EPSO: A Caching-Based Efficient Superoptimizer for BPF Bytecode
Qian Zhu, Yuxuan Liu, Ziyuan Zhu, Shangqing Liu, Lei Bu
TL;DR
This work addresses the challenge of optimizing eBPF bytecode under strict kernel verifier constraints. It introduces EPSO, a caching-based superoptimizer that performs offline enumerative synthesis to generate a large library of verifier-safe rewrite rules, which are then applied online via fast rule matching and def-use-aware recomposition. Key contributions include 795 rewrite rules, up to 68.87% program size reduction (avg 24.37%), and an average 6.60% improvement in runtime, with an 88.71% reduction in optimization overhead compared to synthesis-only baselines. The approach combines the strengths of synthesis-based and rule-based methods, achieving high optimization quality with minimal online cost, and demonstrates strong generality across diverse Linux kernel eBPF programs. This has practical impact for network throughput and latency in high-performance systems, enabling scalable, verifier-safe optimizations in real-world workloads.
Abstract
Extended Berkeley Packet Filter (eBPF) allows developers to extend Linux kernel functionality without modifying its source code. To ensure system safety, an in-kernel safety checker, the verifier, enforces strict safety constraints (for example, a limited program size) on eBPF programs loaded into the kernel. These constraints, combined with eBPF's performance-critical use cases, make effective optimization essential. However, existing compilers (such as Clang) offer limited optimization support, and many semantics-preserving transformations are rejected by the verifier, which makes handcrafted optimization rule design both challenging and limited in effectiveness.
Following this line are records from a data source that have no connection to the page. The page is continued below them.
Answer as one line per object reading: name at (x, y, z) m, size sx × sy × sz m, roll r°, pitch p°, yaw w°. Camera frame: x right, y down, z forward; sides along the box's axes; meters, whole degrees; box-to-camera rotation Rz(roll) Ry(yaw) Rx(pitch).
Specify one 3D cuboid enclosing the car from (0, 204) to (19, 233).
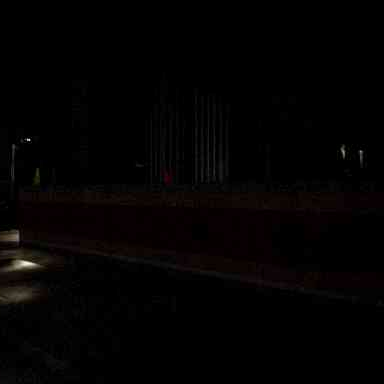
car at (-10.342, 1.603, 19.313) m, size 2.033 × 1.411 × 5.357 m, roll 0°, pitch 0°, yaw 37°

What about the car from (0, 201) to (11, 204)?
car at (-16.407, 1.547, 29.086) m, size 2.128 × 1.511 × 4.902 m, roll 0°, pitch 0°, yaw 37°

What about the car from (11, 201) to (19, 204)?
car at (-12.249, 1.603, 28.808) m, size 2.033 × 1.411 × 5.357 m, roll 0°, pitch 0°, yaw 37°

Superoptimization overcomes the limitations of rule-based methods by automatically discovering optimal transformations, but its high computational cost limits scalability. To address this, we propose EPSO, a caching-based superoptimizer that discovers rewrite rules via offline superoptimization and reuses them to achieve high-quality optimizations with minimal runtime overhead. We evaluate EPSO on benchmarks from the Linux kernel and several eBPF-based projects, including Cilium, Katran, hXDP, Sysdig, Tetragon, and Tracee. EPSO discovers 795 rewrite rules and achieves up to 68.87 percent (average 24.37 percent) reduction in program size compared to Clang's output, outperforming the state-of-the-art BPF optimizer K2 on all benchmarks and Merlin on 92.68 percent of them. Additionally, EPSO reduces program runtime by an average of 6.60 percent, improving throughput and lowering latency in network applications.